* WORK TO BE COMPLETED:
Return the data below exactly, but only from the line containing "509, 768, 576]" through the line containing "1045, 768, 1079]", with both of those lines included.

Records from a dataset
'''

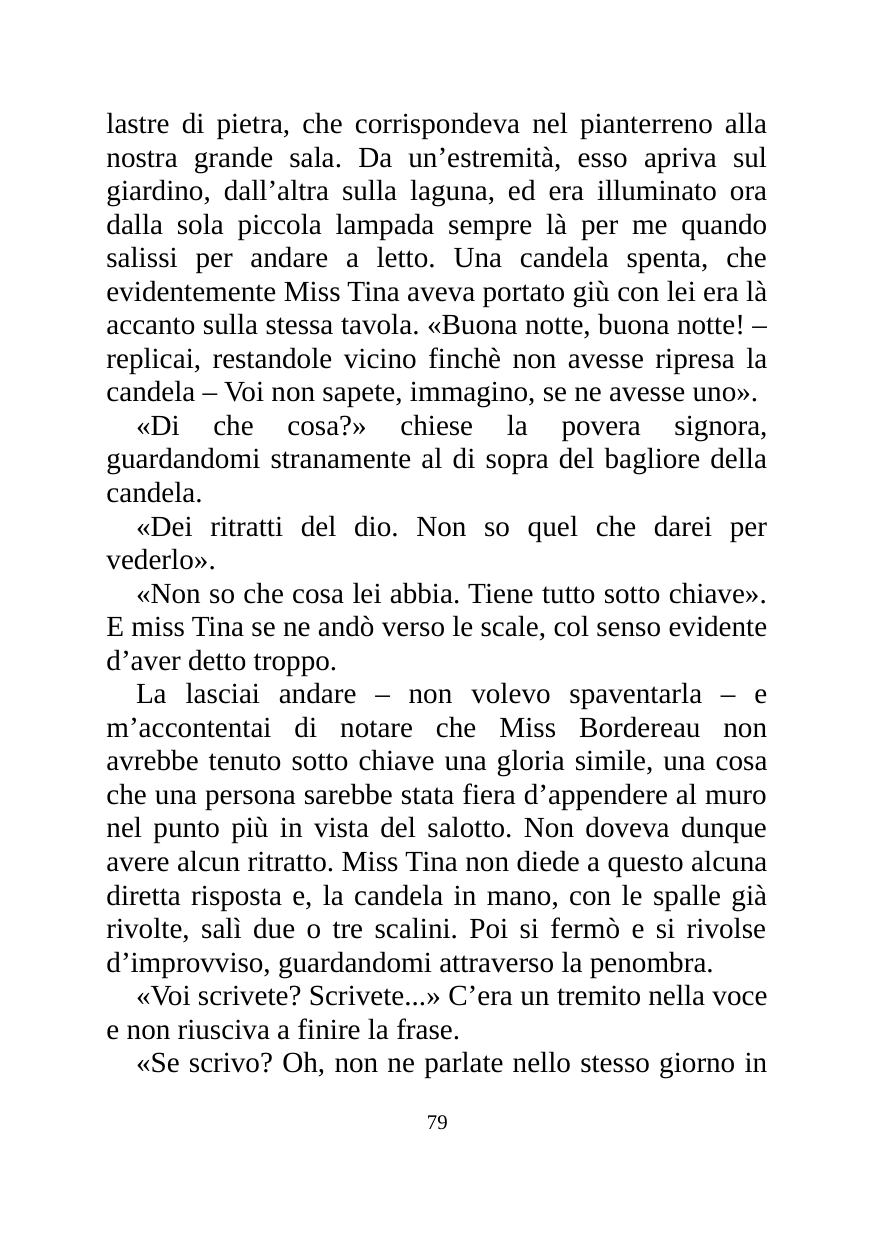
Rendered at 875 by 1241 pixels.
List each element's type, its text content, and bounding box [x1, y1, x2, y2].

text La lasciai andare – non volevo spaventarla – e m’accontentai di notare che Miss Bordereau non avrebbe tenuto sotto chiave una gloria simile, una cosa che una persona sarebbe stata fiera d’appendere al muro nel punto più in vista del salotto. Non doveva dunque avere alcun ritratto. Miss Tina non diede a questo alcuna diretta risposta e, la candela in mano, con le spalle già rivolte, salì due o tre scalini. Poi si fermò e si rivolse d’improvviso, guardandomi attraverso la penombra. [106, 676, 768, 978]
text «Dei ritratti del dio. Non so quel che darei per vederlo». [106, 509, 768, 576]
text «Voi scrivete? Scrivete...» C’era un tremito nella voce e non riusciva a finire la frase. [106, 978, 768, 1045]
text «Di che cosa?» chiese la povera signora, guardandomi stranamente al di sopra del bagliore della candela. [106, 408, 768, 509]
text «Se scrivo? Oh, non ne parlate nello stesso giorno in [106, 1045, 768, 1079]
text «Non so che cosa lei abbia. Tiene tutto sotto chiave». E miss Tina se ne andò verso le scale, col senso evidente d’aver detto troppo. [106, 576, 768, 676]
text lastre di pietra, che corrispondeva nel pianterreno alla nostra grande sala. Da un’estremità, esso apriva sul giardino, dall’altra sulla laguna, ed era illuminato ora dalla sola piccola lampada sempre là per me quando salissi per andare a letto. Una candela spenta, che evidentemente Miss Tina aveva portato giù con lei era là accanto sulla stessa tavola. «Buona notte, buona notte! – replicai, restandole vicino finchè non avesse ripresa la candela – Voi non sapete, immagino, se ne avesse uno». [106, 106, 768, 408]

'''

* RESPONSE:
text «Dei ritratti del dio. Non so quel che darei per vederlo». [106, 509, 768, 576]
text «Voi scrivete? Scrivete...» C’era un tremito nella voce e non riusciva a finire la frase. [106, 978, 768, 1045]
text «Di che cosa?» chiese la povera signora, guardandomi stranamente al di sopra del bagliore della candela. [106, 408, 768, 509]
text «Se scrivo? Oh, non ne parlate nello stesso giorno in [106, 1045, 768, 1079]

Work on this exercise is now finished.